* **BRIEF**
Look at each line of the listing. Copy those that hold the string "degrees".

* **SUPPLIED DATA**

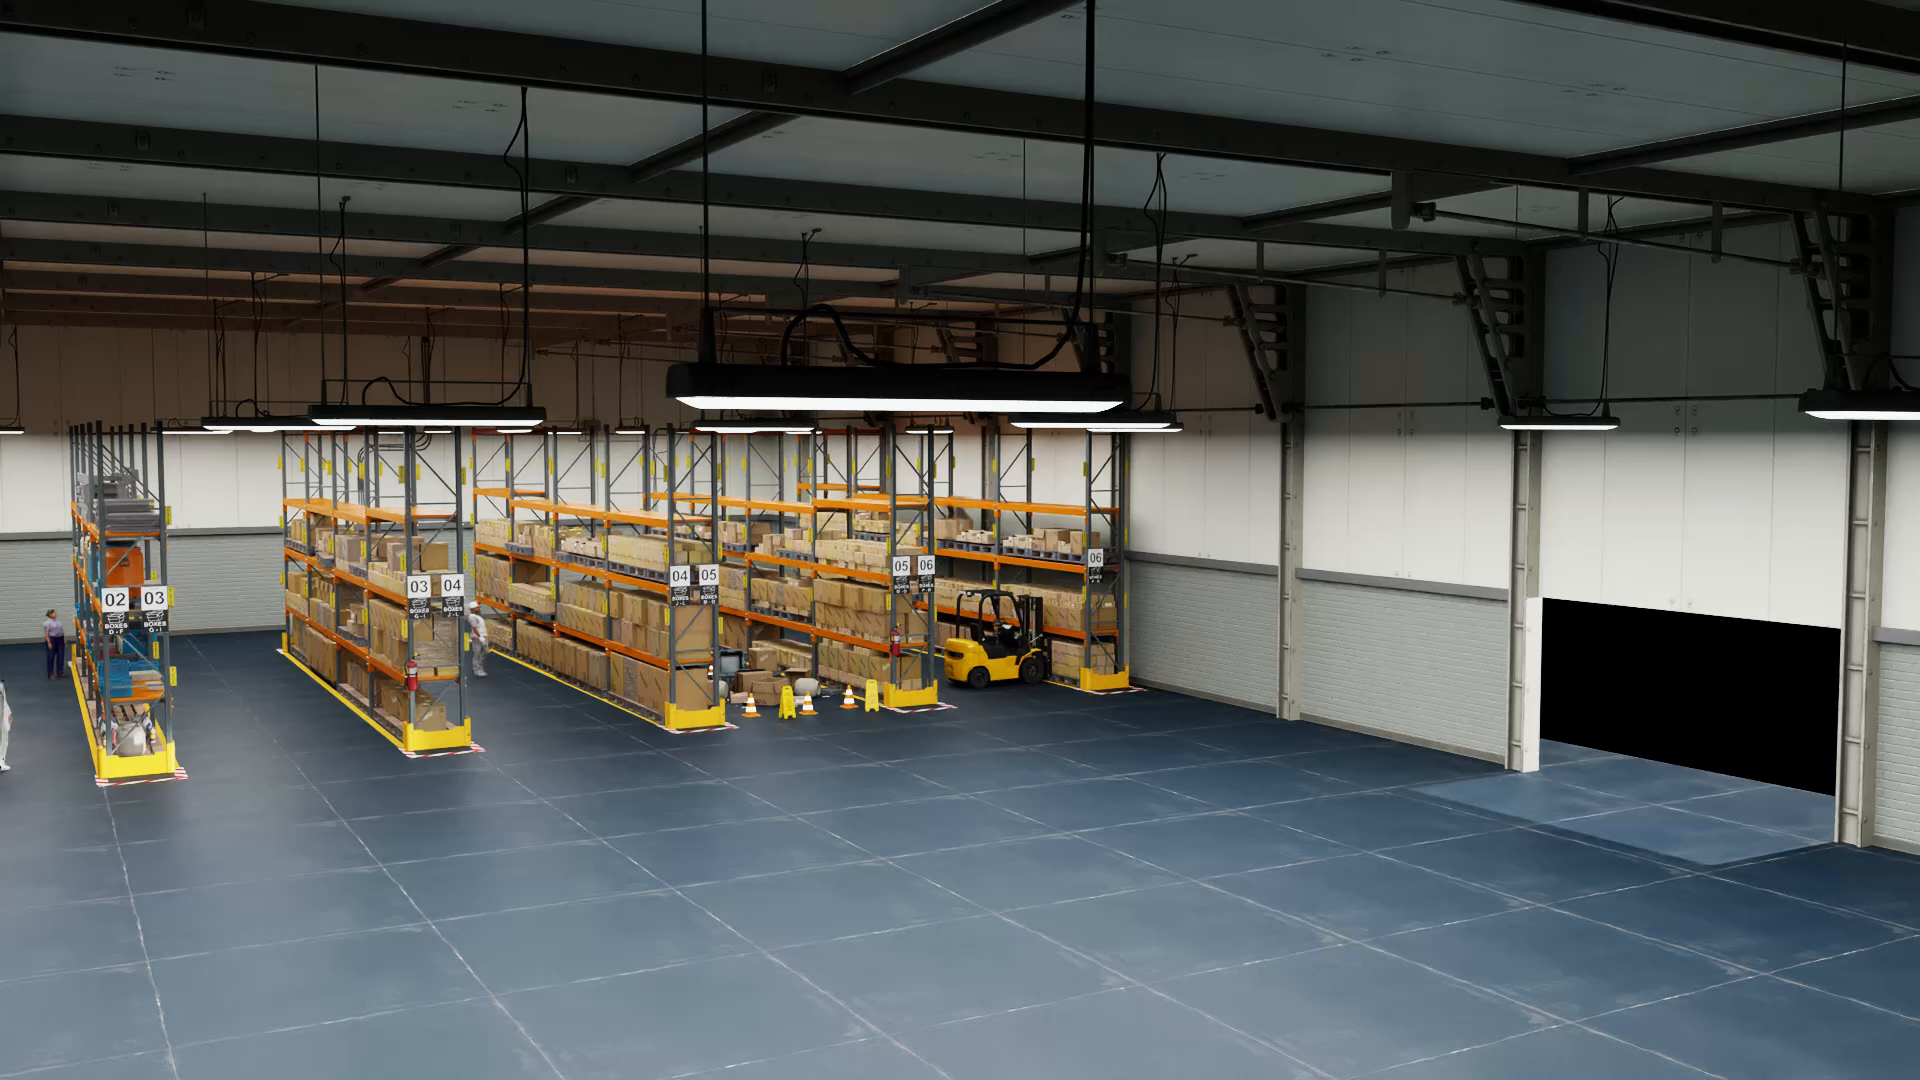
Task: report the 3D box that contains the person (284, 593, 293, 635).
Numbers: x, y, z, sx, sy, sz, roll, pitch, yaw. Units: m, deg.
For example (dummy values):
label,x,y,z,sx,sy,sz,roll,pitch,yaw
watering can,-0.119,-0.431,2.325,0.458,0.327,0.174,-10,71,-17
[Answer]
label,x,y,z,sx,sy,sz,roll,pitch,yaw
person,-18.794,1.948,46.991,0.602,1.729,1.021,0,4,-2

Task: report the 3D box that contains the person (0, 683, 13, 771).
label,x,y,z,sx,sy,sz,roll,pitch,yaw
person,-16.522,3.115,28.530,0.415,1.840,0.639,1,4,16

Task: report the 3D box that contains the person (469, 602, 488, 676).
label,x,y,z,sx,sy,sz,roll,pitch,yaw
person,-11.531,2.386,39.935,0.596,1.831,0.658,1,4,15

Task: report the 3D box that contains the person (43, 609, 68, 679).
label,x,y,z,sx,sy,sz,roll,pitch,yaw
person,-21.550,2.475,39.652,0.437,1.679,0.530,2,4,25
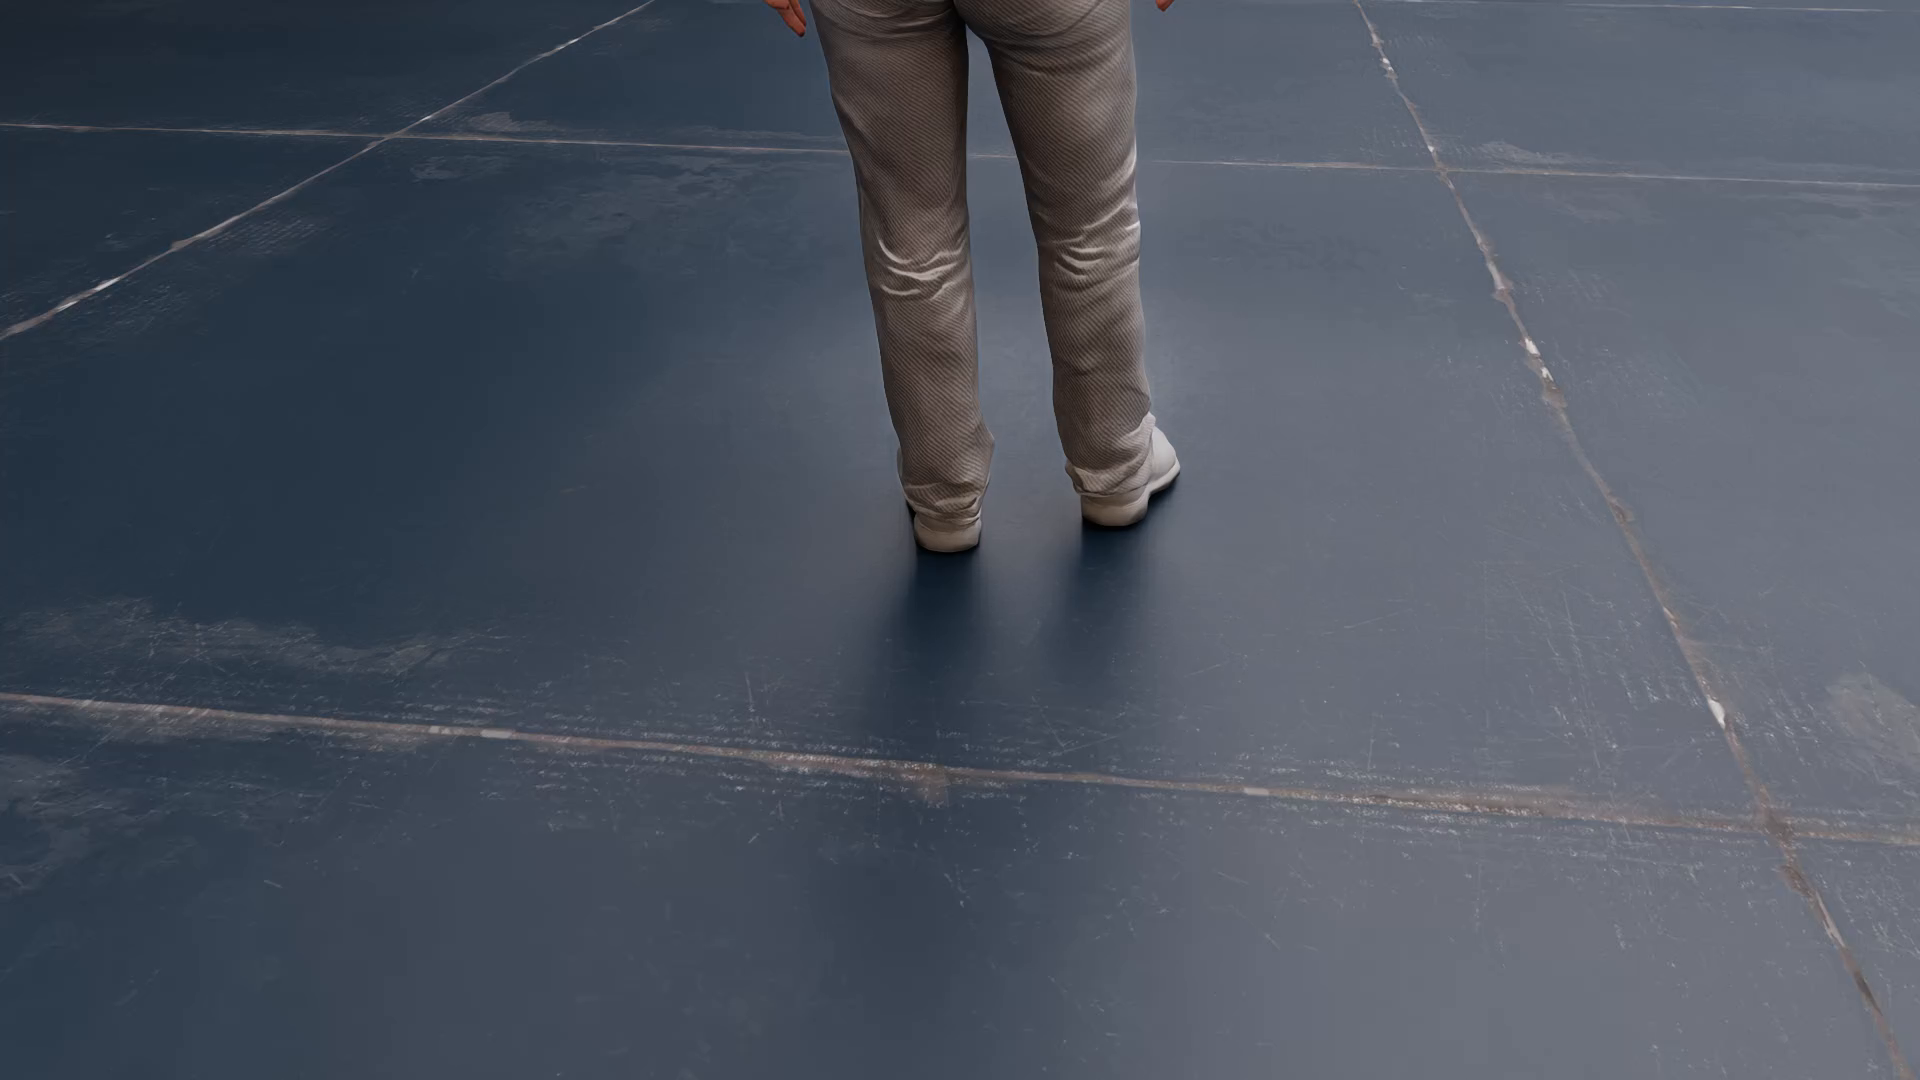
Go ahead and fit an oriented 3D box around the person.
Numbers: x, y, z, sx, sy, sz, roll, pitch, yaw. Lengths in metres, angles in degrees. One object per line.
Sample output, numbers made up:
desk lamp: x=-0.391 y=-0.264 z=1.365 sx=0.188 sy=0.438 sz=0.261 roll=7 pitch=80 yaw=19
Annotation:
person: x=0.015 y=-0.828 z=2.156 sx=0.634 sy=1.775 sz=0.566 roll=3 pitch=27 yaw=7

...

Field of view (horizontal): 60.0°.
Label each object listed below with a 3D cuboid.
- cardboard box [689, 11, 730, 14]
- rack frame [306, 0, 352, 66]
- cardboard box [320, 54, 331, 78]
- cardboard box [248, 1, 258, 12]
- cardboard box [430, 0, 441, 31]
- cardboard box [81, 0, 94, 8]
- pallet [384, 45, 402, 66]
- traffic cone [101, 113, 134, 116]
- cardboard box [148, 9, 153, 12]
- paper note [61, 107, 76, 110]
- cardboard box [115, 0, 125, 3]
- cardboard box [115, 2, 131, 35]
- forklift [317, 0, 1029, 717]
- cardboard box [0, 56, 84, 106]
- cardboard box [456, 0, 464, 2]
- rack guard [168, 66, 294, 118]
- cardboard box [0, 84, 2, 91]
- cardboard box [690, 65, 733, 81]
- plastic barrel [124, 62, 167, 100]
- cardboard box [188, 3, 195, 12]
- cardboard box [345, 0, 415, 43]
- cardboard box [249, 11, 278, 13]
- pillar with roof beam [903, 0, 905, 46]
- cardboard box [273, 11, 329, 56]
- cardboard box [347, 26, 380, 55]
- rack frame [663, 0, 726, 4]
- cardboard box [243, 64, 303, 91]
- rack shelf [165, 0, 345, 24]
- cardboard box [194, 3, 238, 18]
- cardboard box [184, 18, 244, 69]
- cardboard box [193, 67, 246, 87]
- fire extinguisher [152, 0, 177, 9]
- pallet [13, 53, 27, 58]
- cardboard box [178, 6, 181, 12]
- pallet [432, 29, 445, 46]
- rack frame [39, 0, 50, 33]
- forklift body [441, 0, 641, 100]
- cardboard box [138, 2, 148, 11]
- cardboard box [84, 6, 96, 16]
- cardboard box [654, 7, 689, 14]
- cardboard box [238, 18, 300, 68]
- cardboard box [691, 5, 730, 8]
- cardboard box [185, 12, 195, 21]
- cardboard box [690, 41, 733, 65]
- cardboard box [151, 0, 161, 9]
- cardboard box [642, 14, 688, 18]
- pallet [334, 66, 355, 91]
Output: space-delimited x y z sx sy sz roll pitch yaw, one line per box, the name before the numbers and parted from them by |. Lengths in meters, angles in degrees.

* **RESPONSE BOX**
Numbers: x, y, z, sx, sy, sz, roll, pitch, yaw. Lengths in metres, angles in degrees. One object per line.
Output: space-delimited x y z sx sy sz roll pitch yaw, one line per box, the name before the numbers and parted from them by |. Lengths in meters, angles in degrees.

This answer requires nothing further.